Tonight it hit me. I flipped through the television stations while preparing dinner expecting to find my usual line-up of British comedies that occupy my meal. Instead, every station had footage from Srebrenica and Potocari. Coffins covered in green canvas, skulls unearthed from mass graves, survivors testifying at The Hague, refugee women pouring out of UN trucks. And then the footage I had heard about – six men, hands bound, curled up one on top of the other in the back of a truck. One of the men sits up and makes his way to the edge of the truck and jumps down. The others follow. One by one they kneel down in a ditch on the side of the road, faces to the ground. The camera focuses on two of men being shot in the head.
As I watched this footage I felt my body sink a little further in my chair. I used the sleeve of my sweater to wipe my tears and curled my knees up to my chest. I had just spent the day at the memorial service in Potocari, watching as coffin upon coffin was handed through a human chain of men and boys, but it was the faces of those men on the television screen that finally allowed me to share in the tragedy that occurred here twelve years ago.
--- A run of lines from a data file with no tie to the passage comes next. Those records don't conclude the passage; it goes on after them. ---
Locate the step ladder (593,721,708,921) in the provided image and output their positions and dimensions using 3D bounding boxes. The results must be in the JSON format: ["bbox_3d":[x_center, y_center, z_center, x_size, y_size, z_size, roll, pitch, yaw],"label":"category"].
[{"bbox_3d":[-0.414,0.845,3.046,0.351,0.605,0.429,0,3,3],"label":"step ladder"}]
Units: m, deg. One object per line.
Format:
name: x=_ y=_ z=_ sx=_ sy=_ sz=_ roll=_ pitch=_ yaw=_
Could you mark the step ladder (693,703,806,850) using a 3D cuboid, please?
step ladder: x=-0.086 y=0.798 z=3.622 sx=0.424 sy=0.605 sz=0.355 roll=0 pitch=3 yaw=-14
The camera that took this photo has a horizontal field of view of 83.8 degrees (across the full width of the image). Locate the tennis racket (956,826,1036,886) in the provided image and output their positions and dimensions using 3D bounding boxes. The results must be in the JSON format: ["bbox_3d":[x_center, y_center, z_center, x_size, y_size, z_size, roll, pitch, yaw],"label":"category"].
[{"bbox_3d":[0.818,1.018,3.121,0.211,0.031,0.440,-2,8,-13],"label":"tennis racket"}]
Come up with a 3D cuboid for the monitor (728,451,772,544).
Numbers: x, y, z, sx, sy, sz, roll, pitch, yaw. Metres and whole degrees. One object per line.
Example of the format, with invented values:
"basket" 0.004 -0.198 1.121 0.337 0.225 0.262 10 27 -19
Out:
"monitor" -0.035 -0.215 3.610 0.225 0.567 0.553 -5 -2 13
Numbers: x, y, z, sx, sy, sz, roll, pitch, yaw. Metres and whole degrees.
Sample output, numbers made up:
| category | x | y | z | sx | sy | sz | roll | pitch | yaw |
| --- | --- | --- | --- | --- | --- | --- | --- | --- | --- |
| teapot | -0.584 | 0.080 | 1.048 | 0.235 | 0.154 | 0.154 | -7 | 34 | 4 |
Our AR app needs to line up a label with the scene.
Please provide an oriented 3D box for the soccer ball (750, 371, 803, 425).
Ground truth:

A cold drizzle provided the appropriate backdrop to the events of the day. The road from Tuzla to the memorial site at Potocari was dotted with police and ambulances. Buses slowly climbed the winding roads and convoys with tinted windows and diplomatic plates darted in and out of the slow-moving traffic. Our car crept through the crowd of people as we approached the memorial site – teenage boys with Bosnian flags draped over their shoulders, headscarves in a variety of pastels, men in suits with earpieces, an elderly man washing his feet at a roadside fountain.
The gates of the memorial site were lined with on-lookers. Shovels rested on piles of dirt. Women, shoulders heaving and hands covering their faces, sobbed uncontrollably around graves. Leaders from the Muslim community gathered in the central pavilion with the 465 coffins ready for burial laid before them. Men flanked the grounds on either side of the pavilion, bowing together in prayer.
The prayer ended with a speech by the imam – a portion of which was translated into English. “Never let Srebrenica happen again – here or anywhere in the world.” As this country continues to struggle to find the answers to what happened here and rebuild its communities, this is a powerful message. However, as these words hung in the damp air I could only think of their emptiness on the international stage. Ethnic and religious divides in Iraq, Sudan, Democratic Republic of Congo and other conflict zones around the world clearly demonstrate that the international community has not heeded this message.
As the prayer ended the crowd broke to allow for various dignitaries to exit and the burials to begin. The name and year of birth was read for each person – a range of boys as young as 16 to men in their 70s. The coffins were moved quickly through the wall of men, many of whom reached up to touch coffins as they passed.
Three hours later our car was again navigating through the crowd of people. Roadside vendors had set up stands to feed those pouring out of the ceremony. Wheelbarrows filled with soda bottles, folding tables topped with fresh goat meat, and wood crates of tomatoes and cucumbers lined the street. A woman, held at the elbow on either side, stood out among the crowd. She was shaking and could barely walk. As we drove by I turned to see her face; her cheeks were soaked with tears, her lower lip quivered, she bent over and let out a loud cry. I watched her disappear among the swarms of people as we drove out of town – feeling uncomfortable as an onlooker to such personal pain.
Posted By Alison Morse
Posted Jul 11th, 2007
6 Comments
Indira
July 11, 2007
yes, we have to remeber.
An unrealted question: I’m going next week to St. Louis, and would like to see the quilt. How long is the quilt going to be on display there… or is it touring
Peace
indira@balkansnet.org
Natalie
July 17, 2007
From what you write, what strikes me the hardest is how empty the phrase “Never Again” is. As you point out over and over again the phrase “never again” is uttered, and over and over those who could intervene to prevent genocide step aside because of realist political concerns.
Joe
August 16, 2007
Such a powerful piece of writing, Alison. You are a very gifted writer. Hopefully your insights to this tragedy will resonate with the international community and affect change to the suffering of this region.